Marketing Plan
Marketing Strategy presented in Question and Answer Format
How can MLP be sure the CSOs will want the SRC ?
Mobility For A Living Planet (MLP) will study the operating conditions and business practice of European CSOs. Top of the list is the parking situation. For example : what percentage of shared cars are parked curb side, open lot and parking garage ?
If 90% are parked in groups of only 2 at curbside then perhaps the SRC needs to have a different body design.
What is the typical width of a curbside space ? Could a short enough vehicle park perpendicular to the curb ? How expensive would it be to install a curbside electrical charging station ?
If a large fraction park in parking garages then what is the ceiling height limitation ?
Other questions to consider are seating capacity, cargo capacity, and trip length.
What is the distribution of trip lengths over a week ? If most days are spent making many short trips totalling only 30 miles, then a plugin hybrid with conventional batteries would be able to operate for most of the time in all electric mode. Although the average miles per day is 50 for some CSOs, the median day in a week might only be 30. It only takes one day of long trips, say 170 miles, to drive the weekly average up to 50.
MLP will seek to obtain information on all costs of operation for European CSOs. Then a cost model based on the SRC will be shown to be lower in cost than leased conventional cars.
How can MLP make money with a SRC design ?
MLP will persuade an auto maker to mass produce the SRC and pay royalties.
By 2013 I expect some auto maker to be making 70,000 SRC a year and paying MLP $35 million in royalties. In 2020, auto makers will make 1.8 million cars and pay $ 542 million in royalties. Royalties per year are forecast in the section Royalty Revenue Forecast.
The numbers of potential users, upon which the royalty revenue forecast is based
is estimated in Projected Car Share Users.
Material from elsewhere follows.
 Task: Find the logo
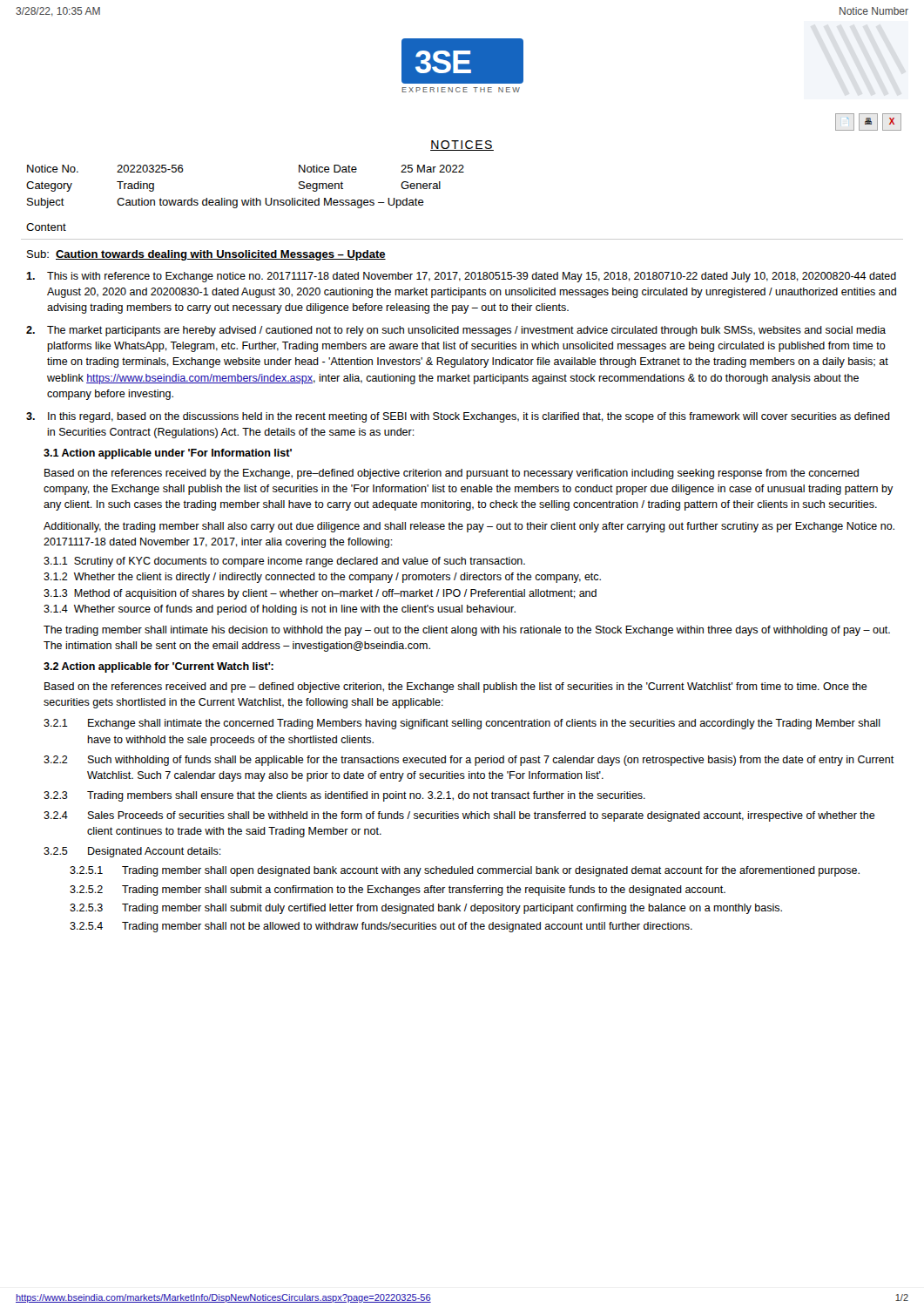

The initial patent will expire in 2013. Follow on patents filed between 2005 and 2008 will not expire till 2025-2028. The car company will have a protected market for about 20 years.
The car company could have a healthy
profit per car because no other maker would be licensed to use the design and hence there would be no competition and no cut throat pricing.
When recruiting a car company, MLP will approach the majors, but also look at the smaller firms that can turn a profit on only 10 thousand cars per year. Given that there is no demonstrated, pre-existing market that absorbs 60,000 SRCs per year, it might be better to start with a small plant that makes only 10,000 per year. This small maker would have an exclusive license to make and sell in geographic area of 20 million or less. If they sell well, then it will be easier to convince a major, like Honda, to start making 60,000 a year.
Why would an auto maker want to take a risk on producing the SRC ?
MLP will prove SRC demand exists with test marketing to end users and CSOs. By the end of the test
market phase there will be hundreds of end-users, dozens of CSOs and dozens of parking providers
that will attest to the SRC's market potential.
Any mass produced car is a risk. Especially when competing with many other car makers for a slice of a market flooded with different models. Think of all the companies that make sedans, pickup trucks, economy cars, and SUVs.
But the SRC will be protected by patents and so a car company that makes the SRC will have protection from the 37 other car companies making generic economy cars.
While it is true there is no large existing market it is also true that the market potential is huge. About 245 million people around the world are potential car share users. The development of this market has been hindered by the lack of a car like the SRC. Conventional cars are not designed to take the abuse of rental operations while surviving for 10 years. The cost of providing shared cars is higher than it could be. The SRC will bring costs down and tap this huge market.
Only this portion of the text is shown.